While this architecture offers benefits like decoupling and scalability, it also introduces potential points of failure.
Real-Life Example #
Consider an online store with:
- Order Service: Publishes order events.
- Inventory, Payment, Fulfillment Services: Subscribe to these events and process them based on the product type (physical vs. digital).
Potential issues include:
- Order service publishing to a non-existent or full queue.
- Consumers facing issues reading or processing messages, which could clog the queue and delay other messages.
Dead Letter Queue (DLQ) #
Purpose:
- A special queue for messages that cannot be delivered or processed successfully.
- Helps in isolating problematic messages and preventing them from affecting the main queue.
Message Entry into DLQ:
- Programmatic Publishing: Consumers or publishers manually move messages to the DLQ if they encounter issues.

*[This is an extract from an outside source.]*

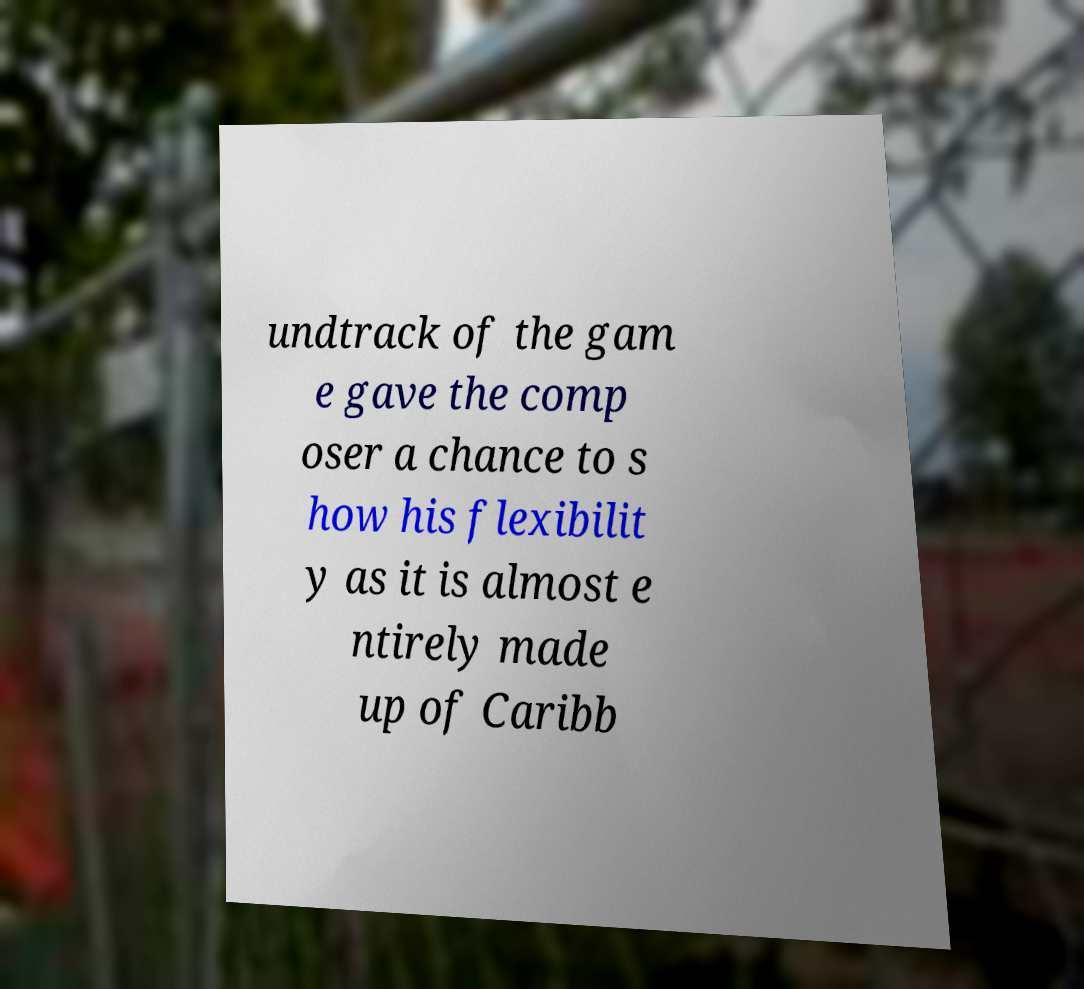Can you read and provide the text displayed in the image?This photo seems to have some interesting text. Can you extract and type it out for me? undtrack of the gam e gave the comp oser a chance to s how his flexibilit y as it is almost e ntirely made up of Caribb

- Automated Configuration: Message brokers can be configured to automatically move messages to the DLQ due to delivery failures or other issues.
Configuration Support:
- Most open-source or cloud-based message brokers support DLQ functionality.
Processing Messages in DLQ:
- Monitoring and Alerting: Regular monitoring ensures that messages in the DLQ are addressed and not forgotten.
- Error Details: Attach headers or additional information to messages to understand and fix issues.
- Handling:
- Automatic Republishing: Once issues are resolved, messages can be moved back to the original queue for normal processing.
- Manual Processing: Rare cases or special scenarios might require manual intervention.